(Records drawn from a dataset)

==============================

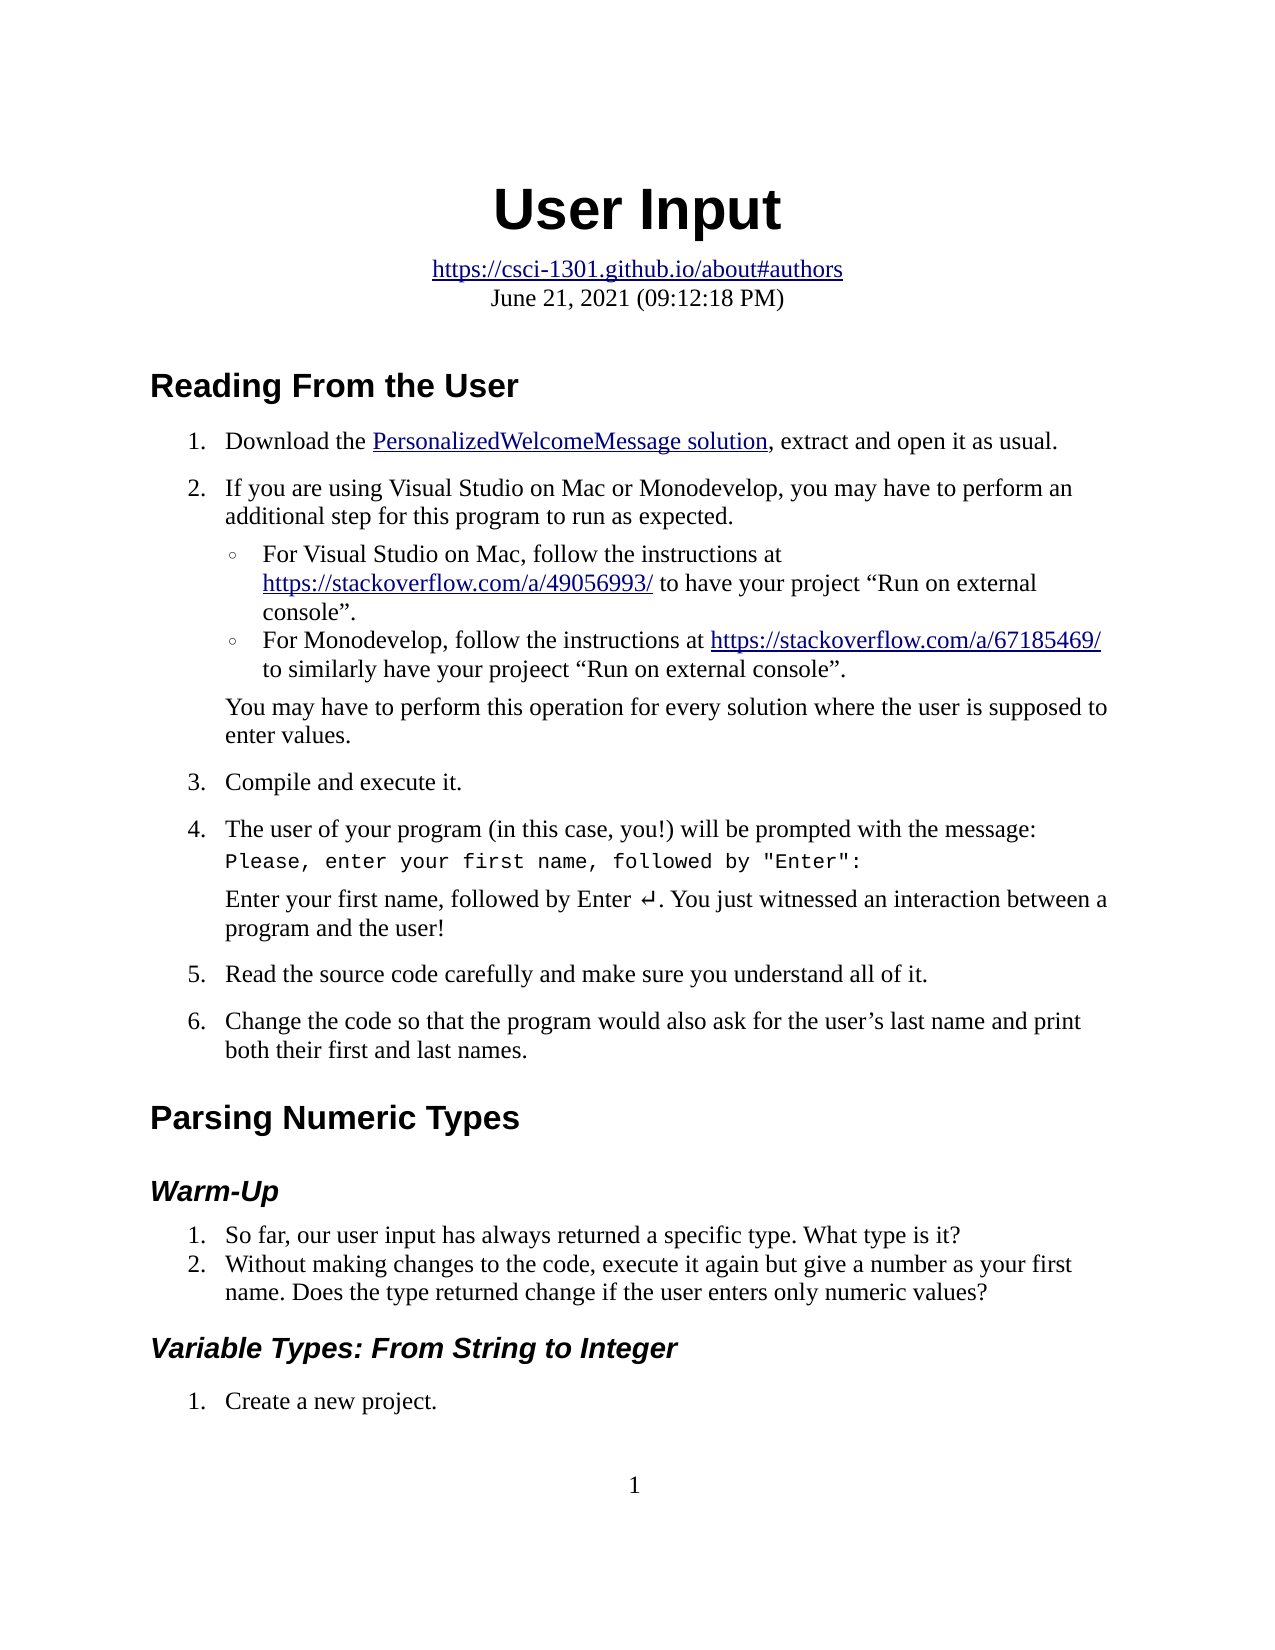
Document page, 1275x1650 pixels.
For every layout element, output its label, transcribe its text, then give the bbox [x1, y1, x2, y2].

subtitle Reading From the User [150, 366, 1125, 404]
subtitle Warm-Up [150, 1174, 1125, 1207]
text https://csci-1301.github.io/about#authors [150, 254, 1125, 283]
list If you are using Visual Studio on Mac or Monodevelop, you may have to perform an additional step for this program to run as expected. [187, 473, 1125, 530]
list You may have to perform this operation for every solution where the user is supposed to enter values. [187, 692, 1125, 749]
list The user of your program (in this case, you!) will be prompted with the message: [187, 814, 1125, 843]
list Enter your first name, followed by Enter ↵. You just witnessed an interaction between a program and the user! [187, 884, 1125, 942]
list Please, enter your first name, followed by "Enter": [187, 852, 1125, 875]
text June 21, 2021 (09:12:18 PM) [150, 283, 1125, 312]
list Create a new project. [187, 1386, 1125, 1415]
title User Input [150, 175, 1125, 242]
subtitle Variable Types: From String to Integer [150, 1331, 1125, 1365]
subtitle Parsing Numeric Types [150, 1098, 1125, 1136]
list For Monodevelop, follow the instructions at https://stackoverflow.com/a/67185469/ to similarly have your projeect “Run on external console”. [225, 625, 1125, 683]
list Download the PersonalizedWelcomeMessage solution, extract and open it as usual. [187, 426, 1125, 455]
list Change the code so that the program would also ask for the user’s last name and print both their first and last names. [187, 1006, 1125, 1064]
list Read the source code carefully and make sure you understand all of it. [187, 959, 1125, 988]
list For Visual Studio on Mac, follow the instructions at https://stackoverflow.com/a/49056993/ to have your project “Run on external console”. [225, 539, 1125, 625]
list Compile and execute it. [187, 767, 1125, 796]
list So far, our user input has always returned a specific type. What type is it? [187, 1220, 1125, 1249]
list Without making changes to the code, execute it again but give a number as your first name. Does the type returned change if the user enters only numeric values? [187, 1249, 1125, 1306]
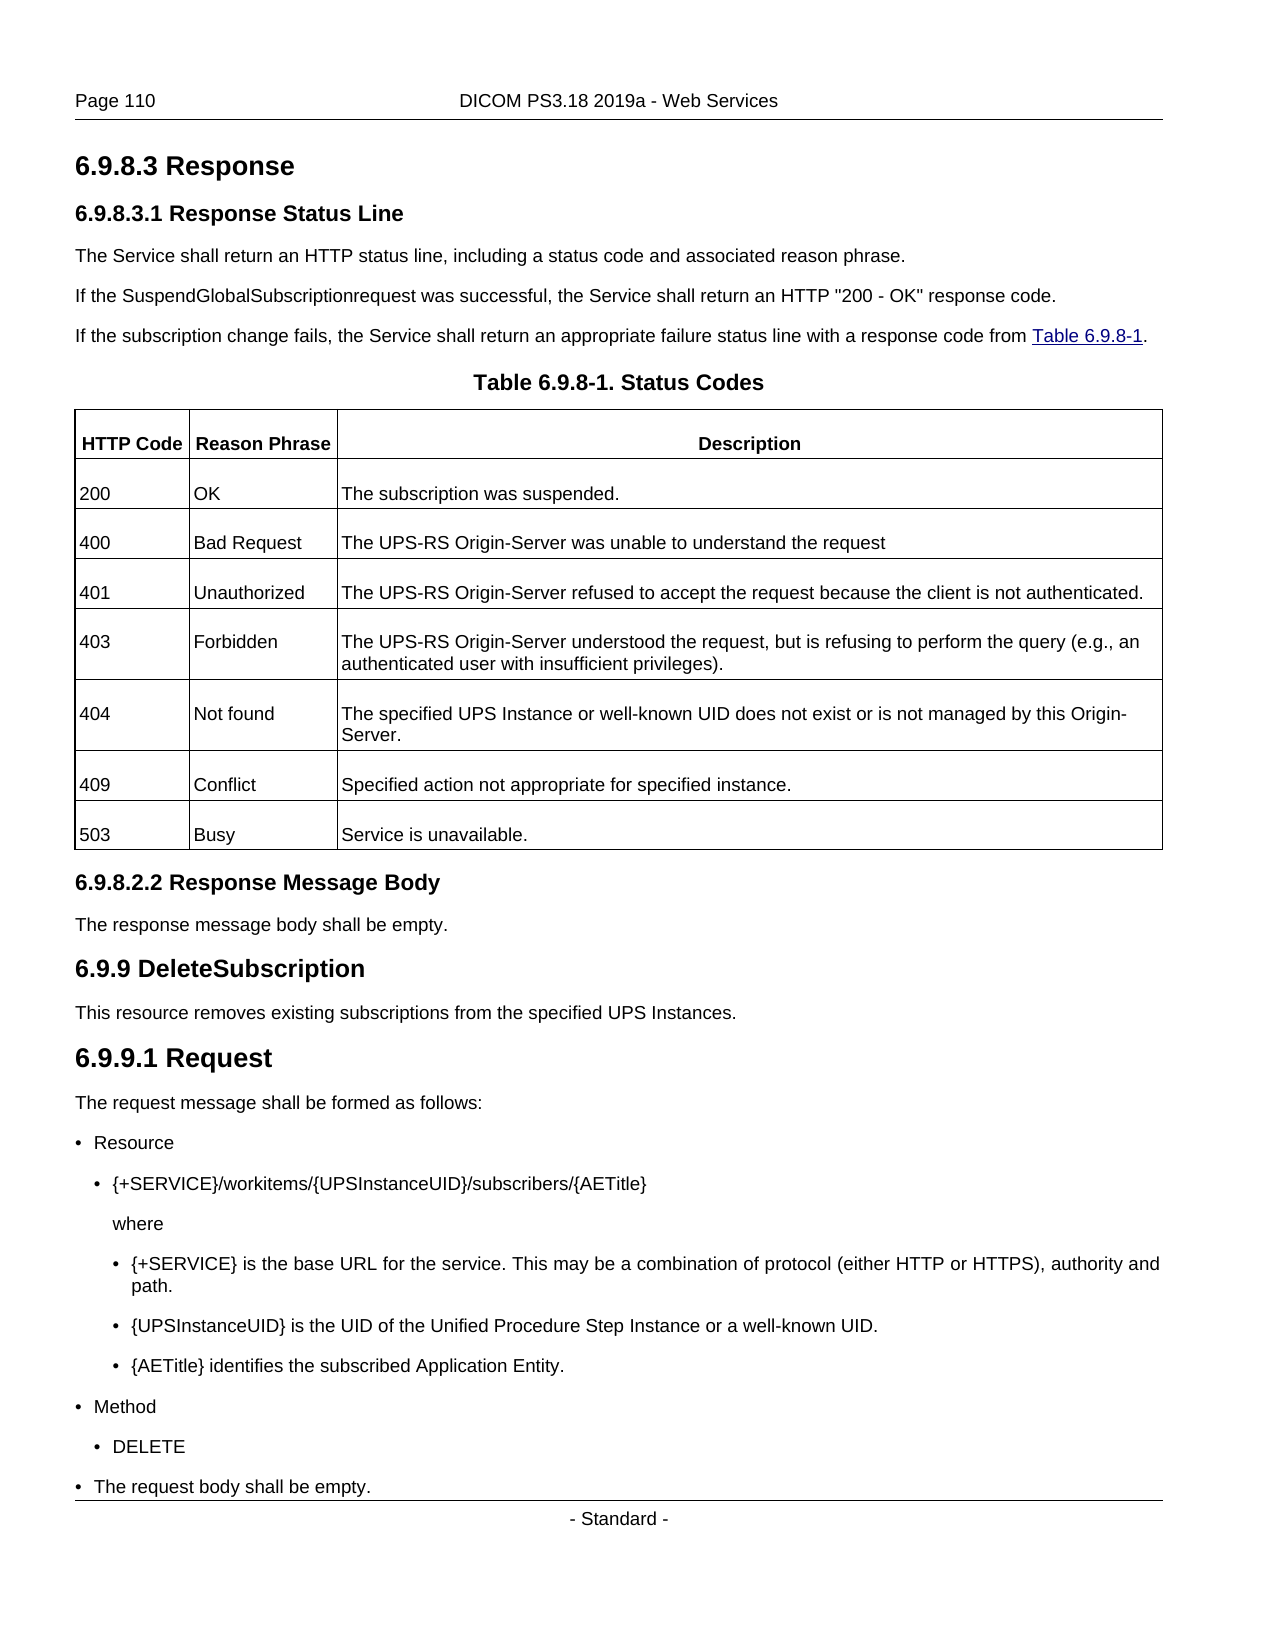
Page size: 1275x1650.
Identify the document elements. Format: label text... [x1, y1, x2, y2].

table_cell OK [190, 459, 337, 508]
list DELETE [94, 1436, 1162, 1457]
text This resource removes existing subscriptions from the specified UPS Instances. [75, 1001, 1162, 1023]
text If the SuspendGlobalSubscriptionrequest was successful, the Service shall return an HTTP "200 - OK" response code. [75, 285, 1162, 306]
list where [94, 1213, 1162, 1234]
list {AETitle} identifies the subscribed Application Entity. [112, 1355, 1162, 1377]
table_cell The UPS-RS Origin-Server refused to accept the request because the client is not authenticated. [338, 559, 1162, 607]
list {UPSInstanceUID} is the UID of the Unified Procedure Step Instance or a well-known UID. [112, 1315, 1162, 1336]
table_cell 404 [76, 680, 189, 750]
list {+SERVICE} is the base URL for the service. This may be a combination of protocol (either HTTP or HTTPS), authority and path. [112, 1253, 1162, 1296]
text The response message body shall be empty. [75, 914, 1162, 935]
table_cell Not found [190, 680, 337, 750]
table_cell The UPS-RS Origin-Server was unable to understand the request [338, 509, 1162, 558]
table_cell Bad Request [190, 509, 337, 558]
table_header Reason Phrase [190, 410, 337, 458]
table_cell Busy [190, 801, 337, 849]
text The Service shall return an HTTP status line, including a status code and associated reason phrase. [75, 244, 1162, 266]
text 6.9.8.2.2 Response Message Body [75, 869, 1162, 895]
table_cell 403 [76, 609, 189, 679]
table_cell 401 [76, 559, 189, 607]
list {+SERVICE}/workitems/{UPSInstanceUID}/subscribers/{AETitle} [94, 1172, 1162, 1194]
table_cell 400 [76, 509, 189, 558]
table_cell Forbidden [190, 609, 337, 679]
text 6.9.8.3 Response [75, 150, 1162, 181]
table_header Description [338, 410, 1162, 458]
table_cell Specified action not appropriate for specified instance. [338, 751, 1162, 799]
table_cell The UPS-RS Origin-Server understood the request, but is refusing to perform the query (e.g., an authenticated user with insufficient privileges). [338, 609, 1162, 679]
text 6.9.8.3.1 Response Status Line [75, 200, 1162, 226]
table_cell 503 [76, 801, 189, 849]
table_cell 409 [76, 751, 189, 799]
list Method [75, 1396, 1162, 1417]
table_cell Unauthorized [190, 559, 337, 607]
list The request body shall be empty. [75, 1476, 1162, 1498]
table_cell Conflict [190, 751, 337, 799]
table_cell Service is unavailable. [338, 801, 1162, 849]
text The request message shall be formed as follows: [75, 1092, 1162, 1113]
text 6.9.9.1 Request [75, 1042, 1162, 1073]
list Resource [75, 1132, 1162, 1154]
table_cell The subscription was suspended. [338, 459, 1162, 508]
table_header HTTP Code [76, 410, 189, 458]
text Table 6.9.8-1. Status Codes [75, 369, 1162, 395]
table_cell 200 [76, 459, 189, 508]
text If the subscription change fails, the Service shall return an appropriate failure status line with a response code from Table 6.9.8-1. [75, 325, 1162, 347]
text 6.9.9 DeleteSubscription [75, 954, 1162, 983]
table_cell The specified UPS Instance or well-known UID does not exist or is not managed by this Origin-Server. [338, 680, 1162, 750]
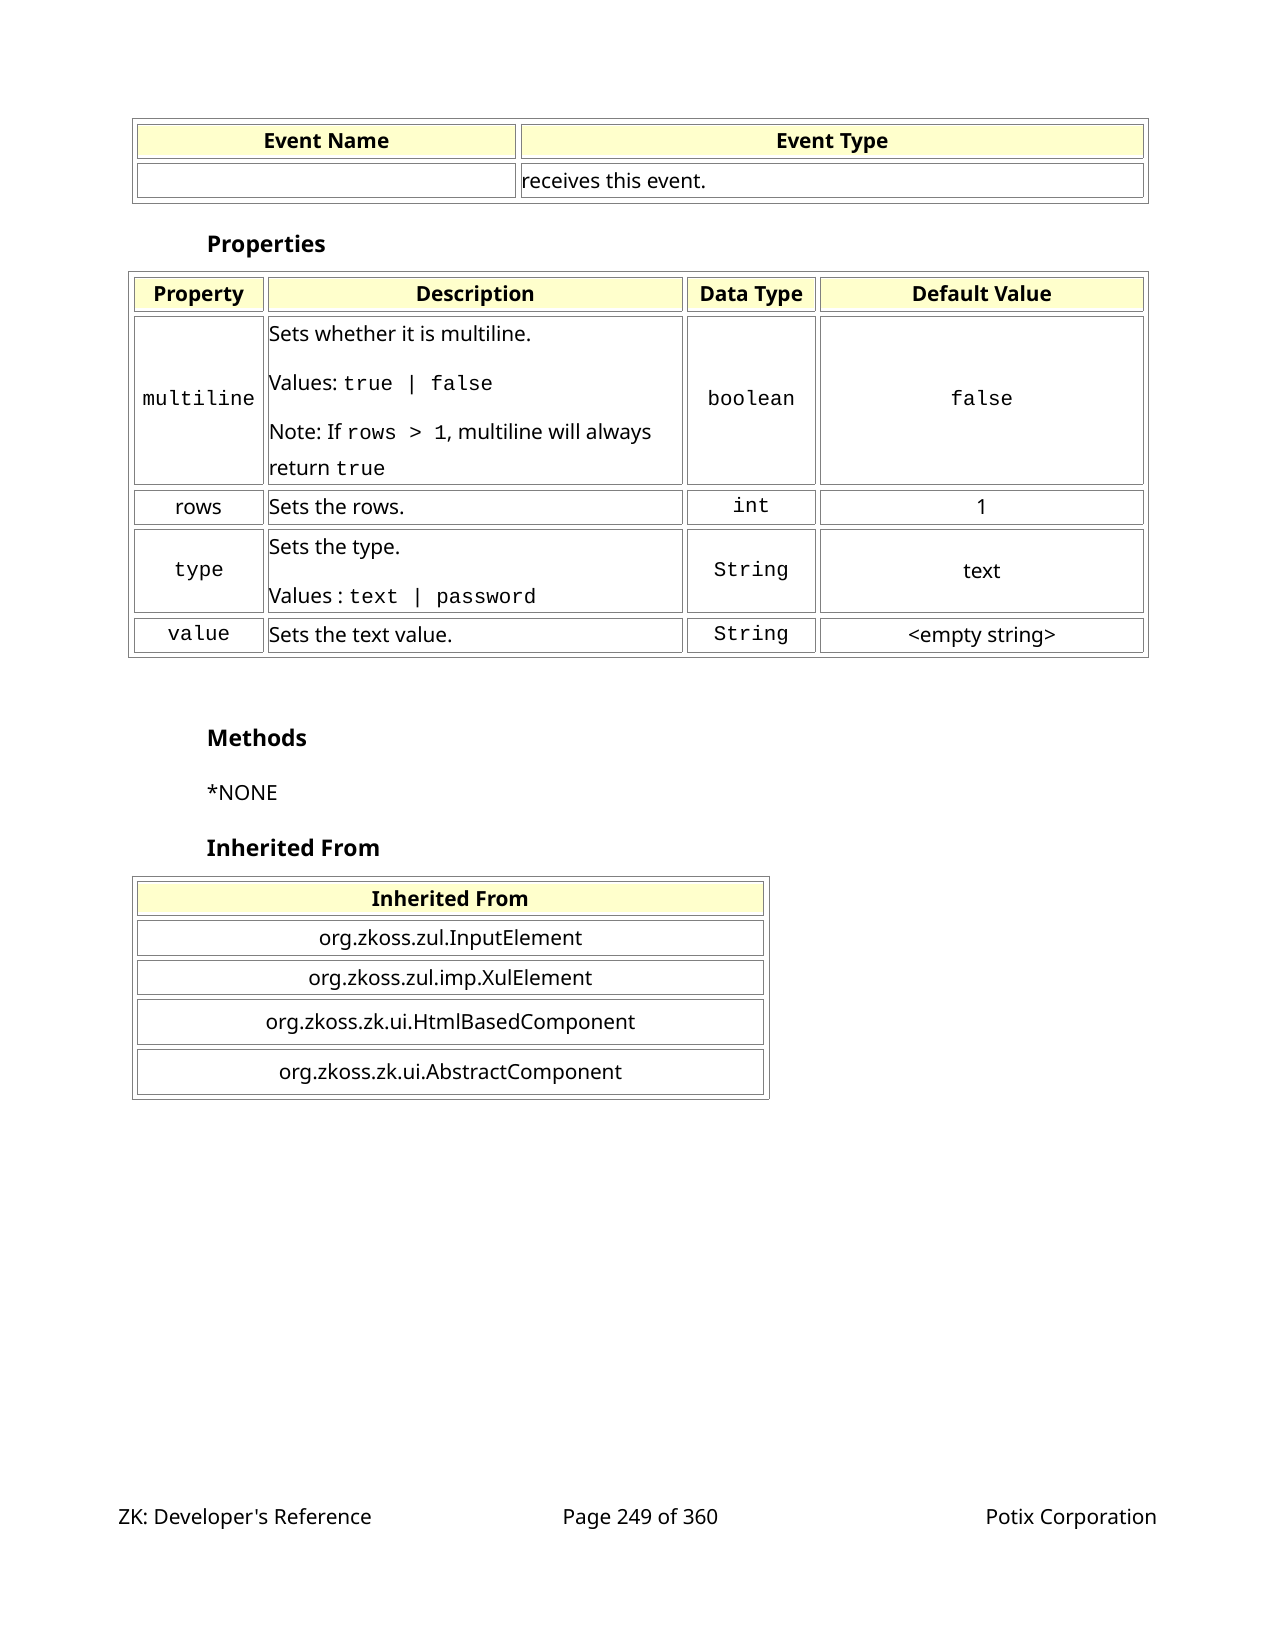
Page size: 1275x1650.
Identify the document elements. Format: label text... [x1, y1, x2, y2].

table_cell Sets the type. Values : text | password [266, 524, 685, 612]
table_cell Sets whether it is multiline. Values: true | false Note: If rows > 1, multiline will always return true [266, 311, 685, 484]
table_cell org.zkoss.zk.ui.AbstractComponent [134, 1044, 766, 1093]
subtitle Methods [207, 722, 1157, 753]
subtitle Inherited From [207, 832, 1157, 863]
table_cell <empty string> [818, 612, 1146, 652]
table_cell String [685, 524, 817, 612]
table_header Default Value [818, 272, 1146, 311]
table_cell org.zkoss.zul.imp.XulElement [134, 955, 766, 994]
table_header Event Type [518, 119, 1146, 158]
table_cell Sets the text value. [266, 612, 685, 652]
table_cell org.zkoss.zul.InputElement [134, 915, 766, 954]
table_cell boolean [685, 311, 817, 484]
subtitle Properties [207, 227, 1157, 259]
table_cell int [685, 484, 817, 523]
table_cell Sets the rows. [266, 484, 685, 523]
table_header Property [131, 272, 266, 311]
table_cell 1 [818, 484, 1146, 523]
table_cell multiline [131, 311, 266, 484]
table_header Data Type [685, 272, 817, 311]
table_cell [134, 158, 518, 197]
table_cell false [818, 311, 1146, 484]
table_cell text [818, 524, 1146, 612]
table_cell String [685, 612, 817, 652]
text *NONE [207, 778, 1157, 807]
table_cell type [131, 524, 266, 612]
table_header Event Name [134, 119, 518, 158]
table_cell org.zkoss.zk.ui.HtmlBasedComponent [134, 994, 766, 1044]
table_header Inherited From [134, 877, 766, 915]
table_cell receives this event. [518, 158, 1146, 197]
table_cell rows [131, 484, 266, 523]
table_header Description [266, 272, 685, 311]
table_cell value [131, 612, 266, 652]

==============================

> DESCRIPTION OF THE TASK
Show me every line in the data above that includes "specified".

> TASK SOLUTION
text This resource removes existing subscriptions from the specified UPS Instances. [75, 1001, 1162, 1023]
table_cell Specified action not appropriate for specified instance. [338, 751, 1162, 799]
table_cell The specified UPS Instance or well-known UID does not exist or is not managed by this Origin-Server. [338, 680, 1162, 750]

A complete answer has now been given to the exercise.